Bahan-bahan resep Tumis Pare Telur termasuk pare segar, telur ayam, bawang merah putih, cabai, kecap manis, dan rempah siap ditumis

Bahan-Bahan untuk Tumis Pare Telur

Kami buat untuk 4 porsi lauk.

  • 4 buah pare ukuran sedang (pilih yang muda agar tidak terlalu pahit)
  • 4 butir telur ayam kampung (atau telur biasa)
  • 6 siung bawang merah, iris tipis
  • 4 siung bawang putih, iris tipis
  • 5-8 buah cabai merah keriting (sesuaikan pedas), iris serong
  • 2 cm lengkuas, memarkan
  • 2 lembar daun salam
  • 2 sendok makan kecap manis
  • 1 sendok teh gula merah sisir
  • 1 sendok teh garam
  • ½ sendok teh merica bubuk
  • 3 sendok makan minyak goreng

Pelengkap:

  • Nasi putih hangat
  • Sambal terasi atau sambal kecap

Siapkan wajan besar dan pisau tajam untuk iris pare.

Cara Memasak Tumis Pare Telur

Kami rebus pare dulu, lalu tumis bersama telur. Total waktu sekitar 35-40 menit.

  1. Potong pare memanjang, buang biji dan bagian putih di tengah. Iris tipis, rendam dalam air garam 10 menit untuk kurangi pahit.
  2. Rebus air sampai mendidih, masukkan pare iris. Rebus 3-5 menit sampai setengah matang, angkat dan tiriskan, bilas air dingin agar tidak overcook.
  3. Panaskan minyak di wajan besar. Tumis bawang merah dan bawang putih sampai harum dan kecokelatan (sekitar 3 menit).
  4. Tambah cabai iris, lengkuas, dan daun salam. Tumis 2 menit sampai layu.
  5. Masukkan pare rebus. Aduk rata, masak 5 menit sampai pare matang tapi masih renyah.
  6. Geser pare ke pinggir wajan, pecahkan telur di tengah. Orak-arik telur sampai setengah matang, lalu campur dengan pare.
  7. Tambah kecap manis, gula merah, garam, dan merica. Aduk rata, masak 3-5 menit sampai bumbu meresap dan kuah menyusut.
  8. Cicip rasa, koreksi jika perlu. Matikan api, sajikan panas.

Dengan begitu, tumis-mu punya pare renyah dan telur lembut gurih.

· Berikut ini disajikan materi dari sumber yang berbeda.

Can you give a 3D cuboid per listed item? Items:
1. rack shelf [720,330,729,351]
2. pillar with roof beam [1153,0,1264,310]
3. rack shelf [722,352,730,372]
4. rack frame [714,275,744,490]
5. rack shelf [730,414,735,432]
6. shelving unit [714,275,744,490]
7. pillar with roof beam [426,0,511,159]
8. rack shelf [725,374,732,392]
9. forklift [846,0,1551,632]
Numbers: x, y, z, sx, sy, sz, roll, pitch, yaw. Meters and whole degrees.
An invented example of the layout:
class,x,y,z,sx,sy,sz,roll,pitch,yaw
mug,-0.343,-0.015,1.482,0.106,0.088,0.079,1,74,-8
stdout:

Kemudian, hidangkan dengan nasi hangat untuk rasa lengkap.

Tips Sukses dan Variasi dari Dapur Sendok Sejagat

Tim kami bagikan pengalaman ini supaya pare tidak terlalu pahit dan tumis tetap segar.

  • Rendam pare dalam air garam – garam bantu keluarkan pahit, rendam 10-15 menit sudah cukup.
  • Rebus pare singkat – terlalu lama bikin lembek dan hilang tekstur renyah, 3-5 menit pas.
  • Tumis bawang sampai kecokelatan – bawang mentah bikin tumis bau, karamel bawang beri rasa manis alami.
  • Orak-arik telur terpisah dulu – kalau langsung campur pare, telur jadi keras dan kering.
  • Untuk variasi, tambah tahu potong atau tempe – kami coba, tambah tekstur dan protein lebih kaya.
  • Hindari api besar saat akhir – api besar bikin pare gosong dan kecap pahit, api kecil jaga rasa.
  • Simpan sisa di kulkas 2 hari; panaskan ulang di wajan dengan tambah sedikit air agar tetap segar.
  • Eksperimen bumbu – tambah terasi bakar untuk rasa lebih umami, versi rumah favorit kami.

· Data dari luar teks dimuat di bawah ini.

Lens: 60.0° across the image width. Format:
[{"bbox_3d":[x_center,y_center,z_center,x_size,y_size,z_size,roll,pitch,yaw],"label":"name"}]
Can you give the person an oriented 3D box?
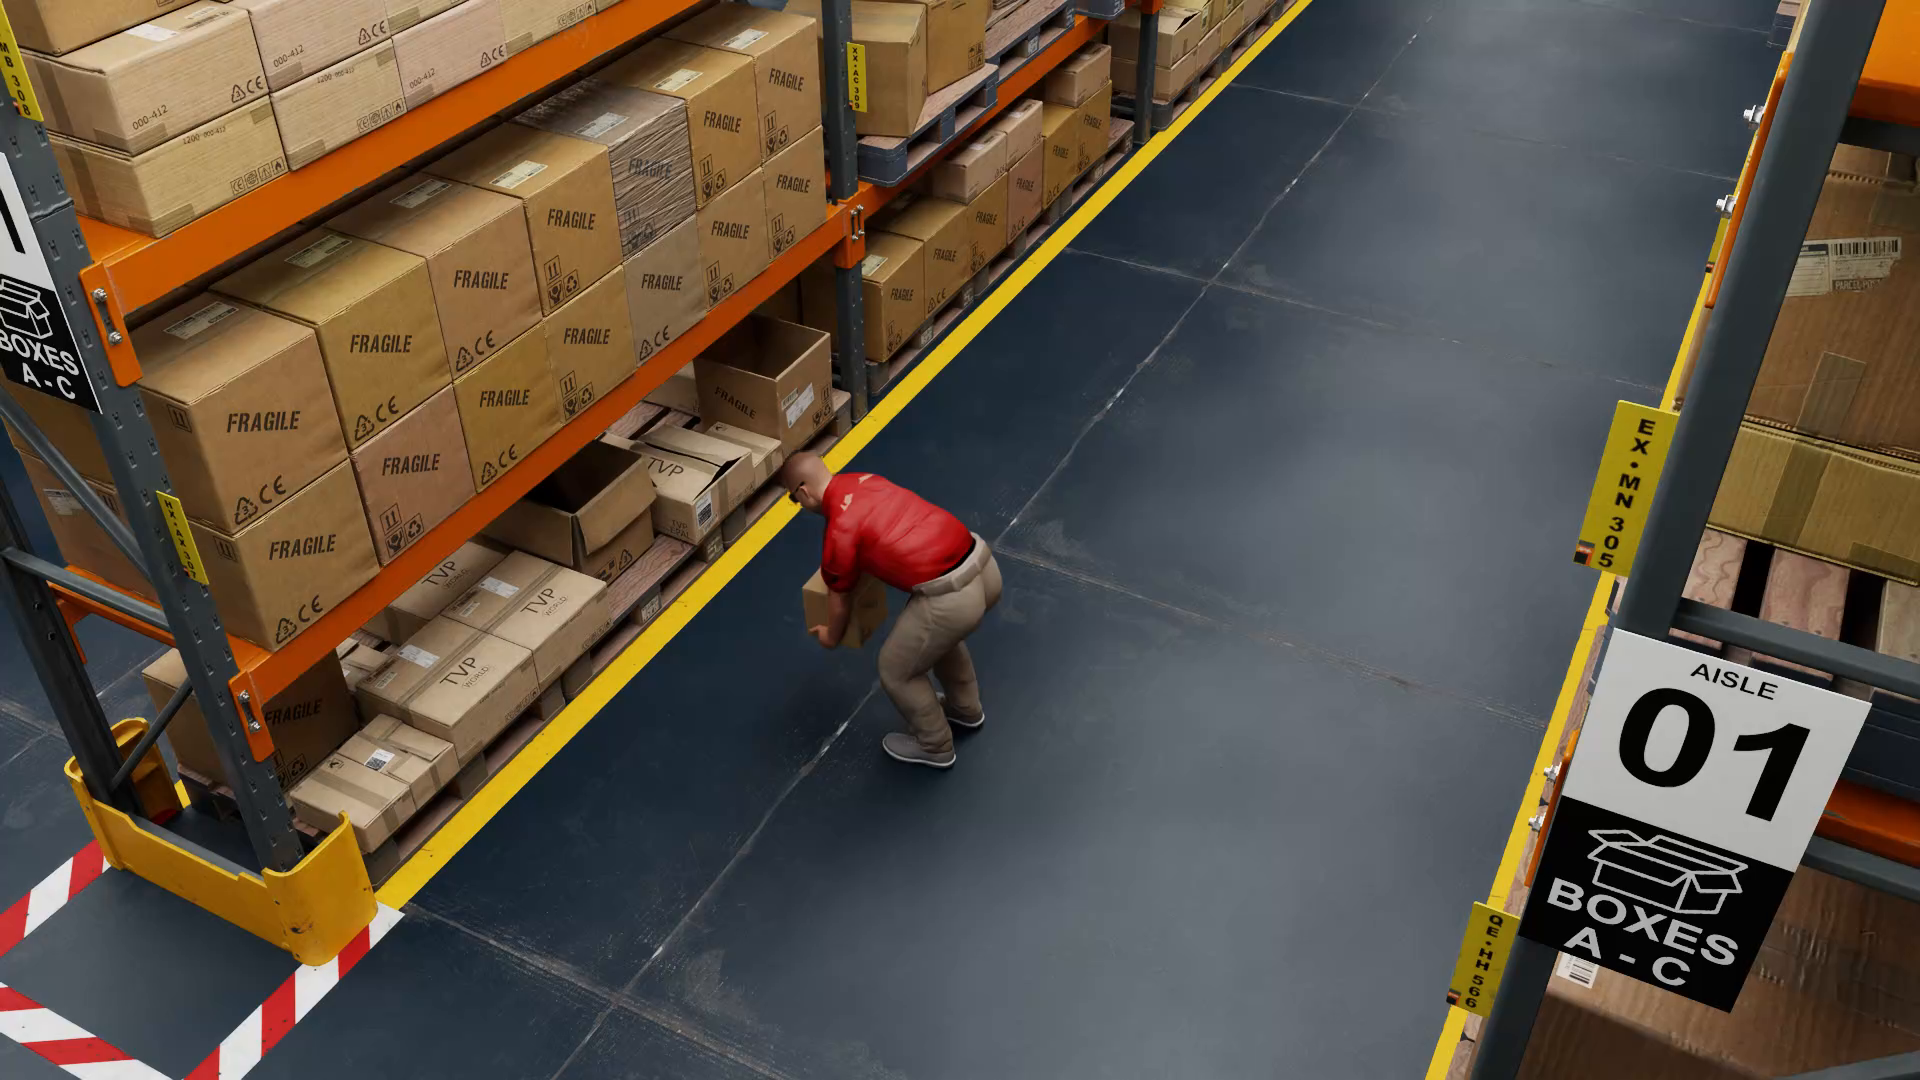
[{"bbox_3d":[-0.281,0.267,6.771,0.898,1.301,0.494,16,41,20],"label":"person"}]

Sebaliknya, kalau ingin lebih ringan, kurangi kecap manis dan gula. Namun, versi klasik dengan kecap sedang paling autentik Indonesia. Jelajahi lebih banyak resep masakan Nusantara di koleksi kami untuk inspirasi tumisan serupa.

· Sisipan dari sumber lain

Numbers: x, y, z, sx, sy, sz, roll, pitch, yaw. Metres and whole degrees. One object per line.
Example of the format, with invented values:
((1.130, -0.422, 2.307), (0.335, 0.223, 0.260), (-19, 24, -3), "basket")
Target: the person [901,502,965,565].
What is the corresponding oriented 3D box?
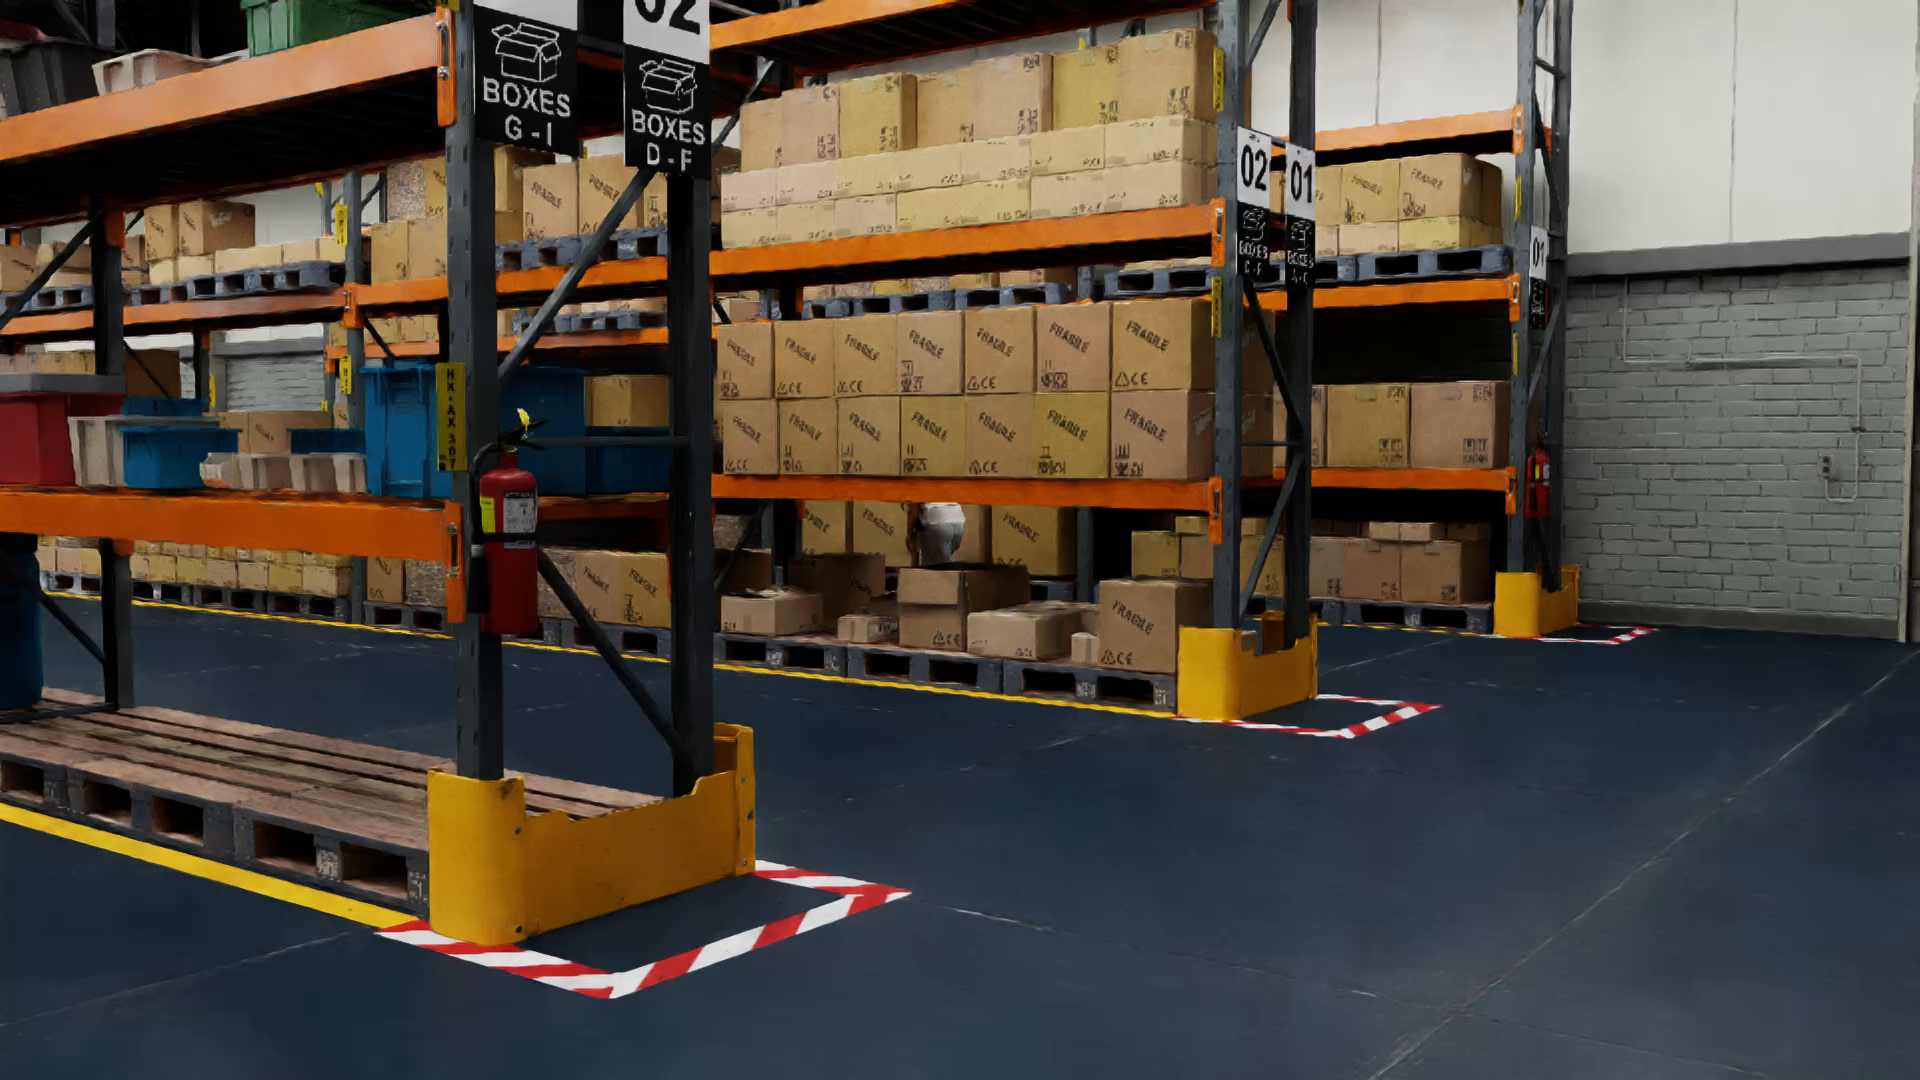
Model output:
((-0.264, -0.078, 12.855), (0.796, 1.625, 0.495), (2, 4, 31), "person")

Yuk, beli pare segar dan telur kampung, lalu tumis Sate Usus ini malam ini! Kami di Sendok Sejagat percaya, sayur seperti ini bikin masak jadi aktivitas yang menghangatkan hati. Setelah coba, ceritain dong tingkat pahitnya – mungkin rendamanmu bikin lebih pas dari kami. Selamat memasak, dan nikmati setiap suap yang penuh cerita Indonesia!